Patrizio Bertelli, president of the Prada Group and vice president of the National Chamber of Italian Fashion, effectively said the Armani group ought to be licking some stamps as well as enjoying the benefits provided by being listed on the trade group’s official calendar.
Giorgio Armani, the notoriously touchy king of taupe, retorted that before they start giving him lessons, companies such as Prada ought to spend less time flitting to New York, London and Paris, and instead make more effort to present their collections first in Milan, Europe’s ready-to-ear capital.
The Armani-Prada spat is the latest in a succession of cat-fights between the top designers. Last year fashion rock’n’roller Roberto Cavalli had a cheeky pop at Armani over the latter’s aesthetically challenged five-star hotel in Milan, which he said resembled a “psychiatric hospital”.

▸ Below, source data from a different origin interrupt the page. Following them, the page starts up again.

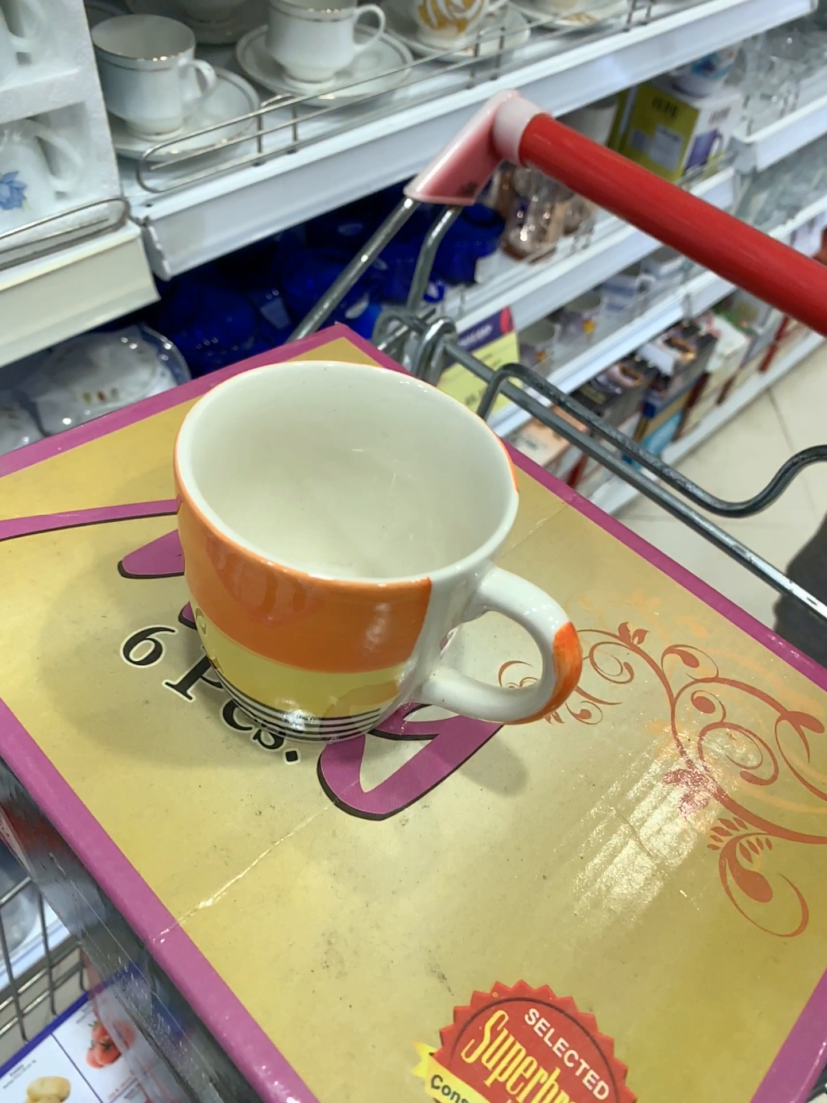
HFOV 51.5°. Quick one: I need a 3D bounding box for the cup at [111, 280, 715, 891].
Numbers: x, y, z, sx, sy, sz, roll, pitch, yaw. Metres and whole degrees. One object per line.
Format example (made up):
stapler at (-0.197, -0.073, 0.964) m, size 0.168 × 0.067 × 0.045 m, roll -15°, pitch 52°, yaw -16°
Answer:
cup at (-0.002, 0.002, 0.191) m, size 0.090 × 0.070 × 0.080 m, roll 31°, pitch 46°, yaw 18°

In 2009 Mr Armani accused Dolce and Gabbana of copying one of his designs and appeared to call the rival designers “cretins” after a pair of quilted D&G trousers in the January menswear shows resembled a pair Armani had previously sent down the runway.
Later that year there was more sniping from Mr Cavalli and Miuccia Prada when Dolce and Gabbana upset fashion week schedules by changing the date of a key show to avoid clashing with the Jewish festival of Yom Kippur. They said they wanted to ensure coverage from a top American Jewish fashion writer. But the extra publicity probably didn’t hurt, either.